Bundeling van belangen
Wat is het bundelen van belangen?
Bundeling van belangen was een boekhoudmethode die bepaalde hoe de balansen van twee bedrijven bij een overname of fusie werden opgeteld. De Financial Accounting Standards Board (FASB) heeft in 2001 Statement No. 141 uitgegeven, waarmee het gebruik van de pooling-of-interest-methode is beëindigd.

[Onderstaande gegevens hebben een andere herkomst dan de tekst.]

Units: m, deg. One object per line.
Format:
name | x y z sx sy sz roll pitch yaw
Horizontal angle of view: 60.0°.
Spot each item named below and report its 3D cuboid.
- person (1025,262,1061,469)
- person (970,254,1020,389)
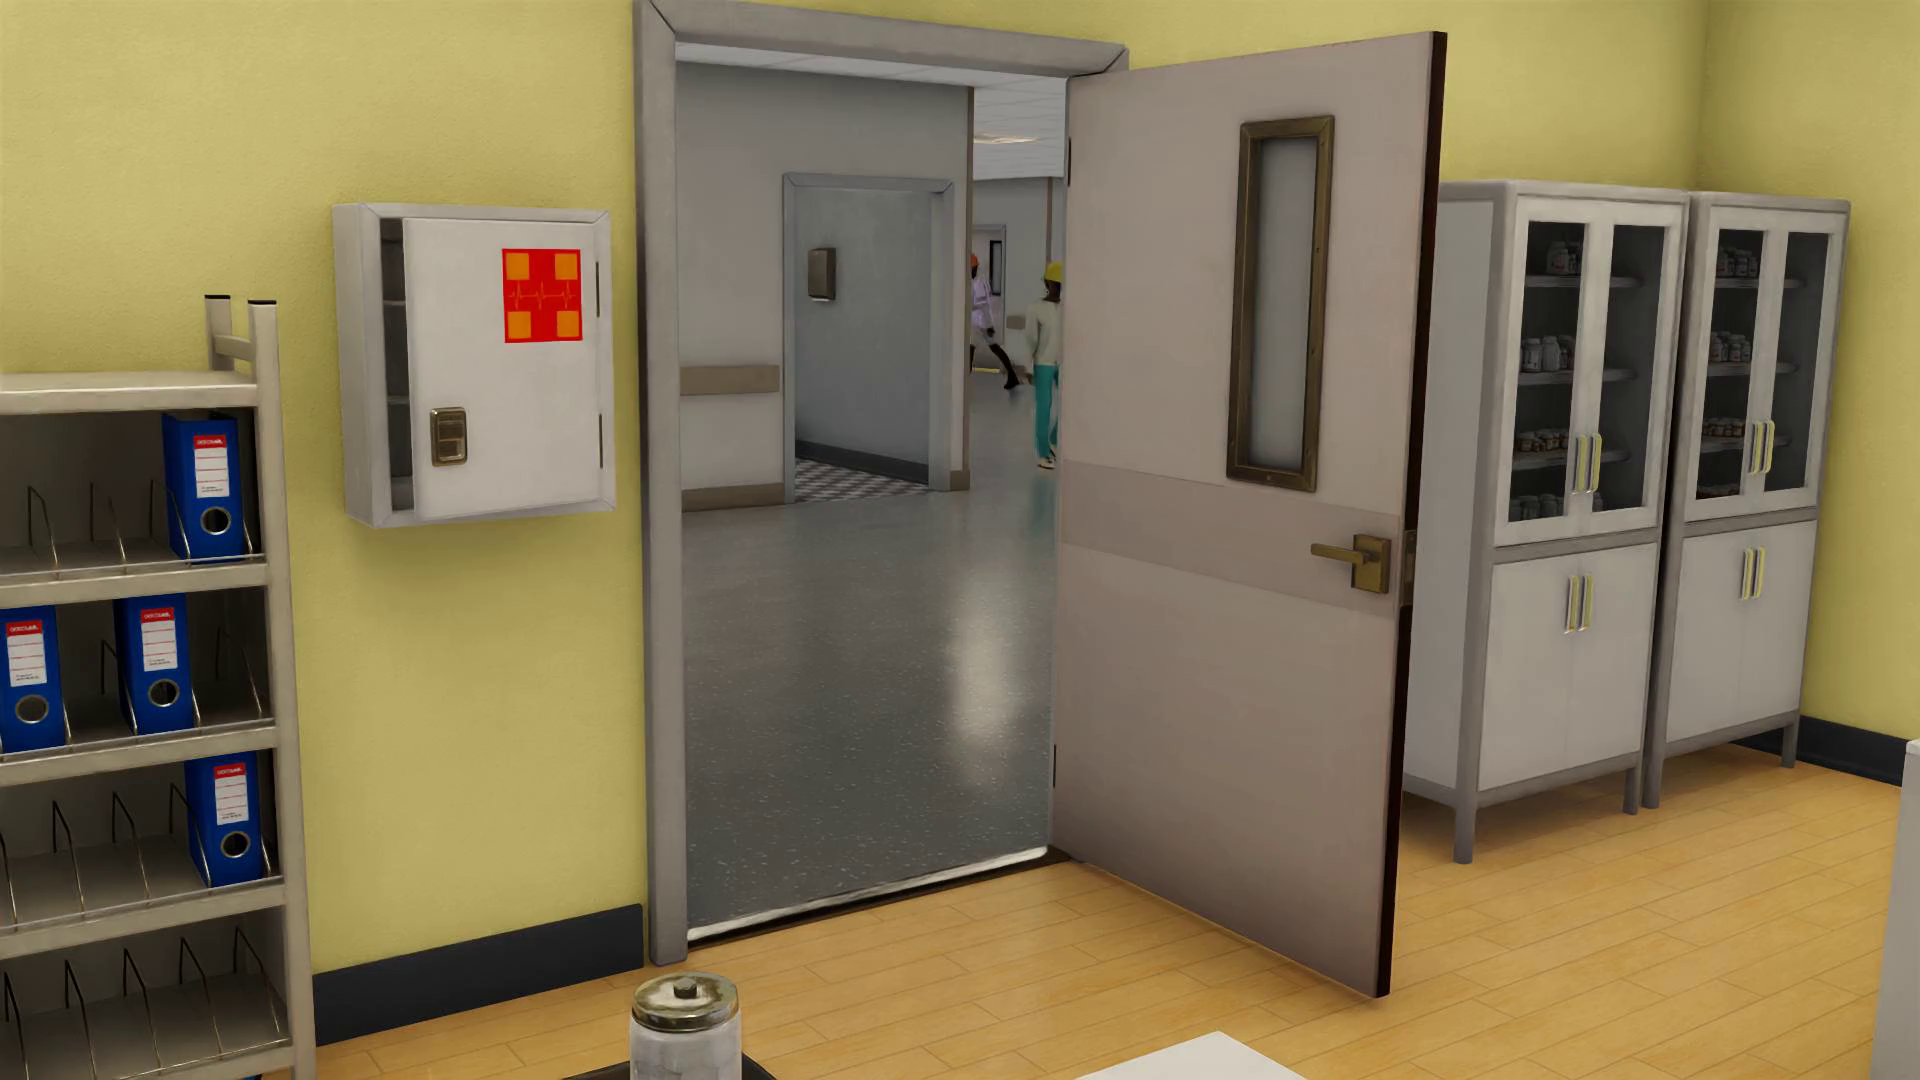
person | 0.798 -1.471 14.071 0.541 1.747 0.363 -3 10 -21
person | 0.335 -2.973 22.743 1.076 1.867 0.598 1 10 3

De FASB wees toen slechts één methode aan – aankoopboekhouding – om bedrijfscombinaties te verantwoorden. In 2007 heeft FASB zijn standpunt verder geëvolueerd door een herziening van verklaring nr. 141 uit te brengen dat de overnamemethode zou worden vervangen door nog een andere verbeterde methodologie – de aankoopacquisitiemethode.
Belangrijkste leerpunten
- Het bundelen van belangen was een boekhoudkundige methode die regelde hoe de balansen van twee gefuseerde bedrijven zouden worden gecombineerd.
- De pooling-of-interest-methode werd vervangen door de purchase accounting-methode, die zelf werd vervangen door de huidige methode, de purchase-acquisitiemethode.
- De pooling-of-interest-methode combineerde de activa en passiva van beide ondernemingen tegen boekwaarde.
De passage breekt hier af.